As has been discussed in many previous articles, methylating the para position removes beta-1 and beta-2 adrenergic affinity. This is one of the ways the body "deactivates" catecholamines with the enzyme Catechol-O-Methyl-Transferase (COMT). Since methoxyoctopamine already possesses a para-methoxy substituent, it is already deactivated. Conversely, a para-methoxy substituent does not remove beta-3 agonism. In mice and other animals, this property may confer significant fat loss potential. Unfortunately, as I mentioned in the previous article, beta-3 agonism does not promote significant fat loss in humans.

CNS Stimulation
P-OMe-Octopamine also possesses a hydroxy (-OH) subsituent on the beta carbon.

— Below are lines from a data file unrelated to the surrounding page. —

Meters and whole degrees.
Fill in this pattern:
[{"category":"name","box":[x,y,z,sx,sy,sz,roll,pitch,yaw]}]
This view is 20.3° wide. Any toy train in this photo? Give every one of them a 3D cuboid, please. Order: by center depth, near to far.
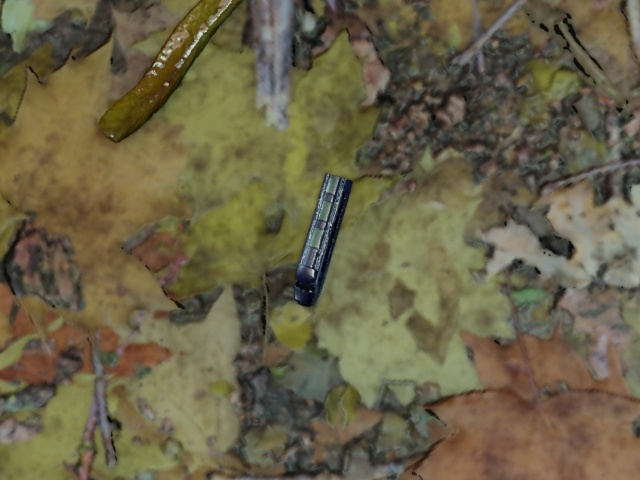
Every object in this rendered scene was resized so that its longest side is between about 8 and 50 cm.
[{"category":"toy train","box":[0.000,0.000,1.106,0.017,0.017,0.083,15,85,18]}]

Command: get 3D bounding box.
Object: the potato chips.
[{"category":"potato chips","box":[-0.073,-0.144,1.145,0.026,0.037,0.204,39,86,8]}]
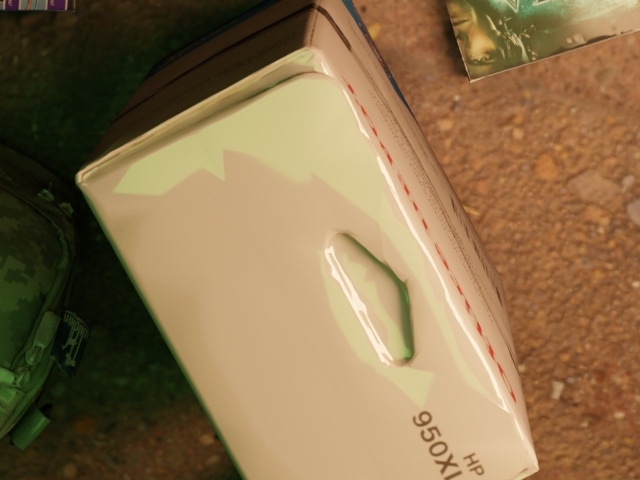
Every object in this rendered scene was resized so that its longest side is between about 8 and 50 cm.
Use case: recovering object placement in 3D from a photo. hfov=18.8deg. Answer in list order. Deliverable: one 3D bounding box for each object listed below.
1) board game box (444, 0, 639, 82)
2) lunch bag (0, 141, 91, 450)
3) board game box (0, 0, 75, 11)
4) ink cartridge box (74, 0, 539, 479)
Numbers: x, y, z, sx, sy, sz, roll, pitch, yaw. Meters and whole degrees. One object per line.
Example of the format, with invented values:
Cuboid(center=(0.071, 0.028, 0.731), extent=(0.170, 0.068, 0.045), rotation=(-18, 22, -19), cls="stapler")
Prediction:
Cuboid(center=(0.179, -0.201, 1.406), extent=(0.186, 0.026, 0.126), rotation=(-17, 103, 6), cls="board game box")
Cuboid(center=(-0.320, 0.022, 1.351), extent=(0.305, 0.256, 0.212), rotation=(28, 105, -12), cls="lunch bag")
Cuboid(center=(-0.235, -0.263, 1.367), extent=(0.136, 0.035, 0.201), rotation=(-3, 107, -32), cls="board game box")
Cuboid(center=(0.000, 0.000, 1.274), extent=(0.166, 0.395, 0.285), rotation=(-27, 101, 8), cls="ink cartridge box")
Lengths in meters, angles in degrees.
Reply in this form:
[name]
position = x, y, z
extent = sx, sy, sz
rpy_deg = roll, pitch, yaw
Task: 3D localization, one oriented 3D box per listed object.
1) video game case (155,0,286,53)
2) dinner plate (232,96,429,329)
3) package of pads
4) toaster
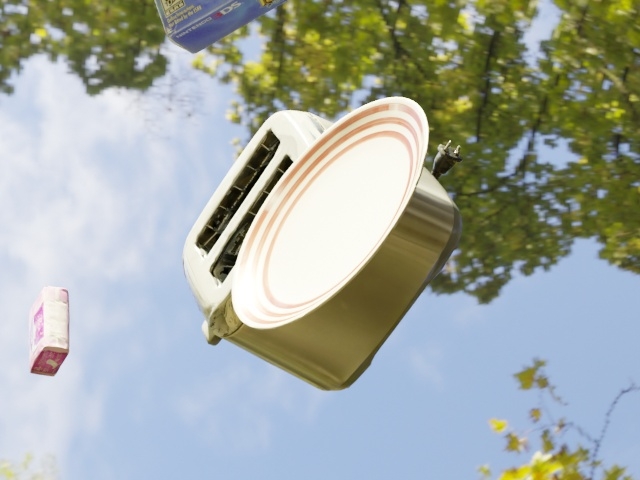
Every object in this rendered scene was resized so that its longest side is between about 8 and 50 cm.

This substituent effectively eliminates significant CNS penetration, and therefore would remove "CNS stimulation" as a potential effect of the drug. Conversely, the para-methoxy substituent actually promotes BBB penetration, and therefore would allow CNS penetration in the absence of the beta-OH. Unfortunately, the effects of CNS penetration would only be negative (i.e. dysphoria) and so the lack of CNS penetration is probably a good thing (See Para-methoxyamphetamine). 

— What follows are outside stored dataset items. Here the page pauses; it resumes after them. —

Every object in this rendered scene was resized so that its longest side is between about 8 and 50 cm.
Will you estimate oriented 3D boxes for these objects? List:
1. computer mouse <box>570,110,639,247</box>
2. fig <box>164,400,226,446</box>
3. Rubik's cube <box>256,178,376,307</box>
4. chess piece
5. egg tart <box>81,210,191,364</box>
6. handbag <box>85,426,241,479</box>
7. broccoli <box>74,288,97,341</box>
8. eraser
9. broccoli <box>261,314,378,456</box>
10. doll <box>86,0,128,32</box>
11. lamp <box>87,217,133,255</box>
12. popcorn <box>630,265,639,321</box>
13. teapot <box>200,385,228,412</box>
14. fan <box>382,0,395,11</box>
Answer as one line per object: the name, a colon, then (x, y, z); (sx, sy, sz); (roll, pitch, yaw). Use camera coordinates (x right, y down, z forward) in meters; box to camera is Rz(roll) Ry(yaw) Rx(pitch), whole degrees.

Since methoxyoctopamine is a primary phenylethylamine, it may still retain properties related to catecholamine releasement (See the Pharmacology of 1,3-DMAA). This effect may allow a transient dumping of synaptic norepinephrine which may manifest as symptoms of the adrenergic cascade (tachycardia, tachypnea, hypertension). In contrast to 1,3-DMAA which probably has significant BBB penetration, methoxyoctopamine would not produce the "positives" of catecholamine releasement such as true CNS stimulation, and focus. The effects produced by methoxyoctopamine would probably be similar to those produced by N-methyltyramine, albeit relatively weaker due to the para-methoxy substituent.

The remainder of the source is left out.